Buffy’s Indiana Jones Moment
Out of all of Indiana Jones’s death-defying stunts, the archeologist adventurer’s most crowd-pleasing moment remains his decision to shoot the sword-wielding warrior in Raiders of the Lost Ark rather than cross blades with him. Whedon clearly had Raiders on the brain when he had Buffy simply shove Grey’s Doc off the gangplank without having to throw a single punch.
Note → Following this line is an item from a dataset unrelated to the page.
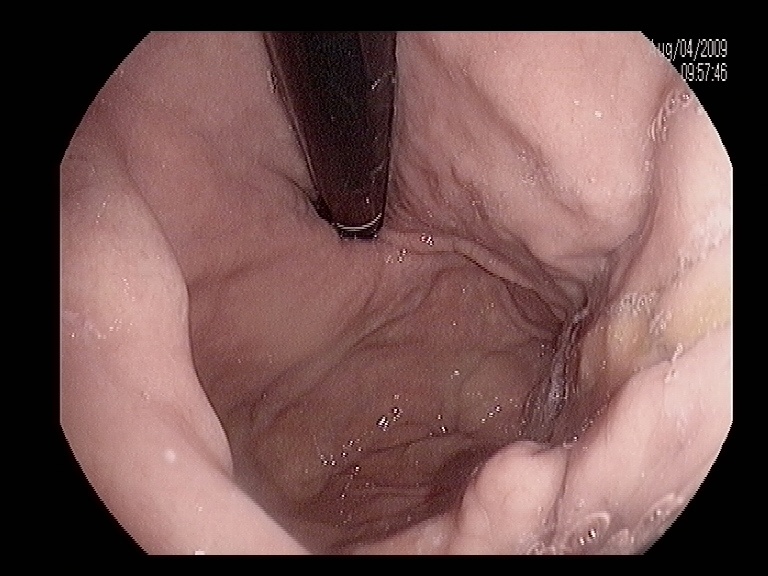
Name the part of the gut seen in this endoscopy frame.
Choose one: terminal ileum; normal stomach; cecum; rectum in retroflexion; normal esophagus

Buffy’s Lost in Translation Moment
Two years before Bill Murray whispered… well, something in Scarlett Johansson’s ear at the end of Sofia Coppola’s acclaimed film, Whedon made the bold choice to keep the viewer from hearing Buffy’s farewell to Dawn, allowing that to be a private moment between sisters. (Although, unlike Lost in Translation, “The Gift” doesn’t keep her words a complete mystery. We hear them in voiceover as she leaps to her death.)
“Death Is Your Gift”
Those cryptic words have haunted Buffy since her hallucinatory encounter with the First Slayer in the Season 4 finale, “Restless.” (Another all-time great Buffy episode.) She’s assumed all along that her predecessor meant to say, “Killing is your gift.” But in the closing moments of “The Gift,” the First Slayer’s true message hits home, and Gellar beautifully captures her dawning realization that accepting death is Buffy’s gift to her sister, her friends and the world at large. It’s also, frankly, a gift to herself given the heavy toll being a Slayer has taken on her. That makes her deep sadness, and even rage, at being resurrected by her friends in Season 6 all the more tragic. Buffy’s first death, at the hands of the Master back in Season 1, was a prophecy she fought against. Here, she heroically rushes headlong to meet it.
That Swan Dive
We still give it a 10.0.
“She Saved the World. A Lot.”
Truer words were never engraved, and fewer finales have as beautiful a final image.